Effects of LRIP on neutrophil infiltration in the brain and left hindlimb gastrocnemius muscle: Myeloperoxidase (MPO) activities in: the brain (A); and left hindlimb gastrocnemius muscle (B) were assessed at 24 h after reperfusion. Data are expressed as mean ± SD, n = 6, ** p < 0.01 vs. sham group, ^## p < 0.01 vs. I/R group.

Figure 3

LRIP ameliorated histopathological changes and infarct size of the brain. (A) Brain sections of rats in different groups were stained by Hematoxylin and Eosin and then examined using a light microscope. Representative photomicrographs of ischemic cortices from the sham, LRIP, I/R, I/R + 0 h, I/R + 1 h, and I/R + 3 h groups were established. The most significant reversal of injury was observed in the I/R + 0 h group. The magnification was 400×. Scale bar = 50 µm; n = 6; (B) rat brain slices were obtained by making a coronal cut through the optic chiasma. Tissue corresponding to the square icon was used for Hematoxylin and Eosin Staining; (C) histopathological scores of paraffin sections of the rat brain; (D) representative infarcts stained by 2,3,5-triphenyhetrazolium chloride (TTC); (E) bar graphs show the average infarct size of the five slices.
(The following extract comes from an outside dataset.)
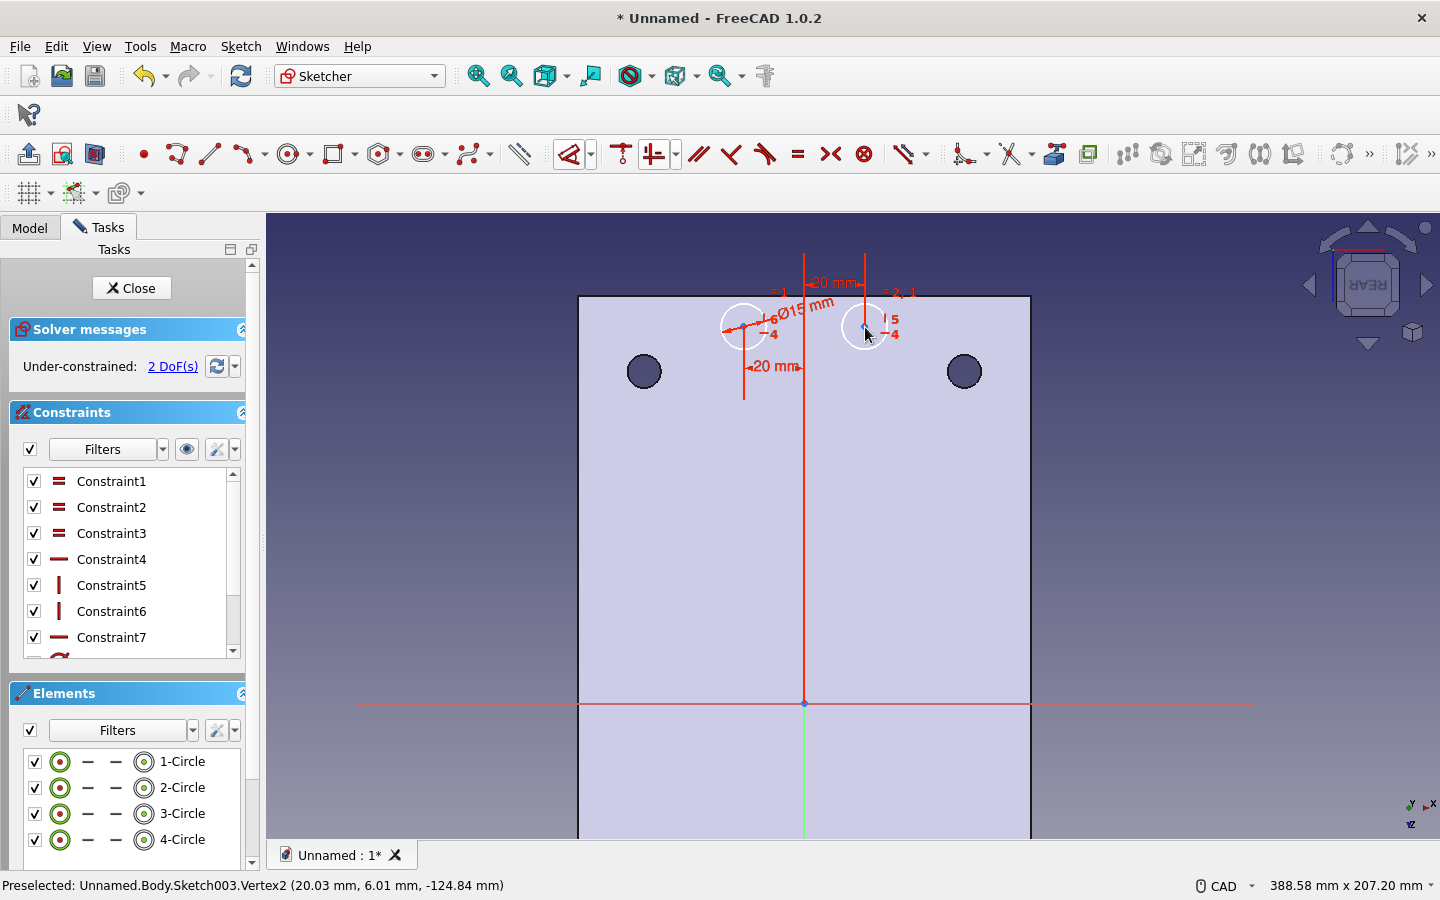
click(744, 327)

Data are expressed as mean ± SD, n = 6, ** p < 0.01 vs. sham group, ^## p < 0.01 vs. I/R group.

Figure 4

LRIP reduced the infiltration and p47phox membrane translocation of neutrophil. Representative immunofluorescence microscopeimages of p47^phox (blue) in neutrophils with the marker MPO (red). Scale bar = 50 μm in 200× images and 20 μm in 600× images. Infiltration of neutrophils was increased in the I/R group and the expression and membrane translocation of its p47^phox were augmented. These phenomena were attenuated in the I/R + 0 h LRIP group.

Figure 5

Effect of LRIP on the number of neutrophil and nicotinamide-adenine dinucleotide phosphate (NADPH) oxidase activation of peripheral blood: (A) Neutrophil count in the peripheral blood. Data are expressed as percentage of neutrophil in the peripheral blood (n = 6); (B) qPCR result showing the mRNA expression change of p47^phox in the Sham, LRIP, I/R, and I/R + 0 h LRIP groups. Glyceraldehyde-3-phosphate dehydrogenase (GAPDH) is used as the internal control (n = 3); (C–E) Western blot assessment of p47^phox and its phosphorylationat Ser 304 and Ser 345 in neutrophils from the peripheral blood were performed after 24 h reperfusion (n = 3). Data are expressed as mean ± SD, ** p < 0.01 vs. sham group, ^# p < 0.05 vs. I/R group, ^## p < 0.01 vs. I/R group.

Figure 6

The Myeloid differentiation factor 88 (MyD88)/Tumor necrosis factor (TNF) receptor-associated factor 6 (TRAF6)/p38 mitogen-activated protein kinase (p38-MAPK) signaling pathway is involved in the mechanism through with LRIP protects against I/R injury. Representative images of Western blot assessments and the quantitative analysis of the ratio of: MyD88 (A); TRAF6 (B); and p-p38 MAPK (C). Data are expressed as mean ± SD, n = 3, * p < 0.05 vs. sham group, ** p < 0.01 vs. sham group, ^# p < 0.05 vs. I/R group, ^## p < 0.01 vs. I/R group.